*EXERCISE DETAILS*:
A faithful copy of the data is what is wanted, minus any pictures.

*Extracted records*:
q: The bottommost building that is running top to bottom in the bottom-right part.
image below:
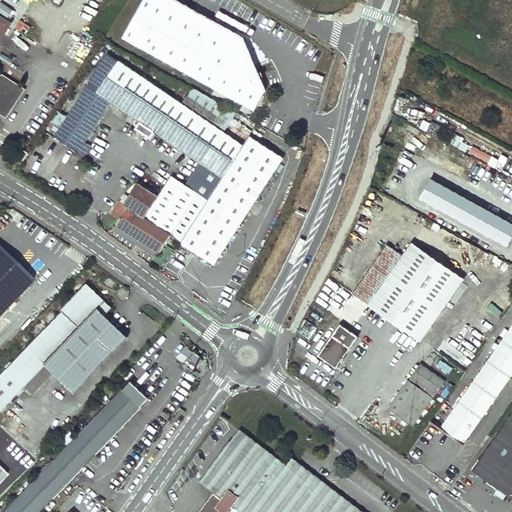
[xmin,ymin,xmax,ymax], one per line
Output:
[472,409,512,498]
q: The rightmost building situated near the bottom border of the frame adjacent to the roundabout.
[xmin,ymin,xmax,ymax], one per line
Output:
[200,429,365,512]
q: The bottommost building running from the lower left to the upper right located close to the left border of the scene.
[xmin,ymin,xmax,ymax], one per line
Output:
[7,382,148,512]
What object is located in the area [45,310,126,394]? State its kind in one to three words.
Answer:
building
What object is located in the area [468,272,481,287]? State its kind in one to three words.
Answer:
vehicle
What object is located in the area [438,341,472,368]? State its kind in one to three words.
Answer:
shed
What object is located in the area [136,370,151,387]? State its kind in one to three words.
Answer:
vehicle
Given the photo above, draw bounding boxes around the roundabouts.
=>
[214,325,288,396]
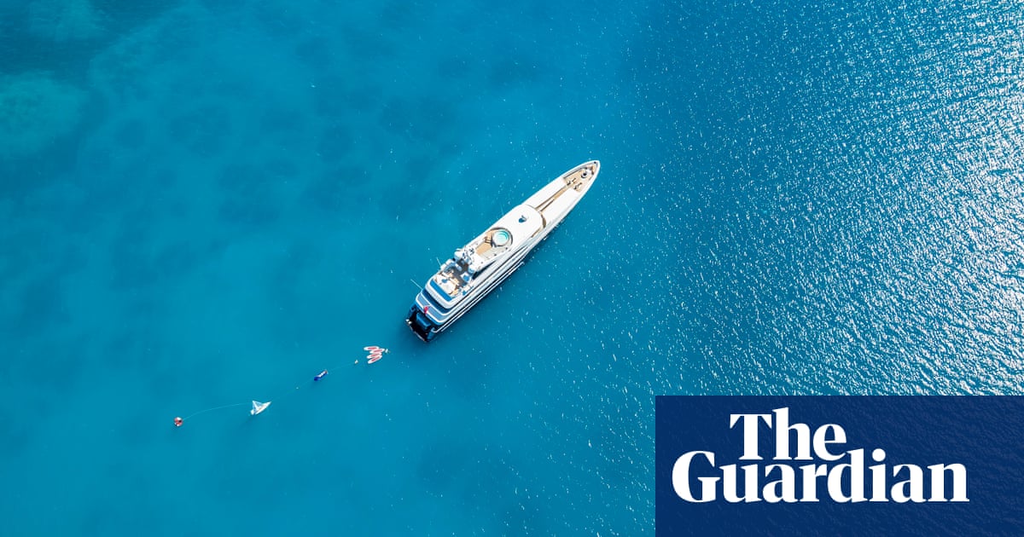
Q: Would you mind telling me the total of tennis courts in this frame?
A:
0
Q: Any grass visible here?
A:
No
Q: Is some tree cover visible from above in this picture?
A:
No
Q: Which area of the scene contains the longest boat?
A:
center
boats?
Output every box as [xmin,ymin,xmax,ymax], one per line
[314,370,329,380]
[250,400,272,415]
[407,160,601,341]
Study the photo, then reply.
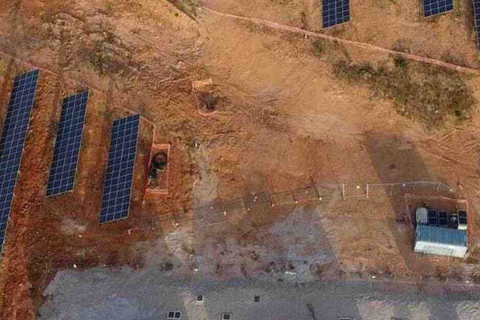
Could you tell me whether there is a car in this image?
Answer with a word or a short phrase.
No
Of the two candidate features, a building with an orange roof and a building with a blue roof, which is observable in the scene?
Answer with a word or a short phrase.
building with a blue roof
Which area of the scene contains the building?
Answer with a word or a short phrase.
bottom right
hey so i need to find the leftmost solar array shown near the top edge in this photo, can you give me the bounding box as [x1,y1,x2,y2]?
[322,0,352,29]

*RESPONSE TO THIS EXERCISE*:
q: The bottommost building that is running top to bottom in the bottom-right part.
image below:
[xmin,ymin,xmax,ymax], one per line
Output:
[472,409,512,498]
q: The rightmost building situated near the bottom border of the frame adjacent to the roundabout.
[xmin,ymin,xmax,ymax], one per line
Output:
[200,429,365,512]
q: The bottommost building running from the lower left to the upper right located close to the left border of the scene.
[xmin,ymin,xmax,ymax], one per line
Output:
[7,382,148,512]
What object is located in the area [45,310,126,394]? State its kind in one to three words.
Answer:
building
What object is located in the area [468,272,481,287]? State its kind in one to three words.
Answer:
vehicle
What object is located in the area [438,341,472,368]? State its kind in one to three words.
Answer:
shed
What object is located in the area [136,370,151,387]? State its kind in one to three words.
Answer:
vehicle
Given the photo above, draw bounding boxes around the roundabouts.
=>
[214,325,288,396]
Q: Would you mind telling me the total of tennis courts in this frame?
A:
0
Q: Any grass visible here?
A:
No
Q: Is some tree cover visible from above in this picture?
A:
No
Q: Which area of the scene contains the longest boat?
A:
center
boats?
Output every box as [xmin,ymin,xmax,ymax], one per line
[314,370,329,380]
[250,400,272,415]
[407,160,601,341]
Study the photo, then reply.
Could you tell me whether there is a car in this image?
Answer with a word or a short phrase.
No
Of the two candidate features, a building with an orange roof and a building with a blue roof, which is observable in the scene?
Answer with a word or a short phrase.
building with a blue roof
Which area of the scene contains the building?
Answer with a word or a short phrase.
bottom right
hey so i need to find the leftmost solar array shown near the top edge in this photo, can you give me the bounding box as [x1,y1,x2,y2]?
[322,0,352,29]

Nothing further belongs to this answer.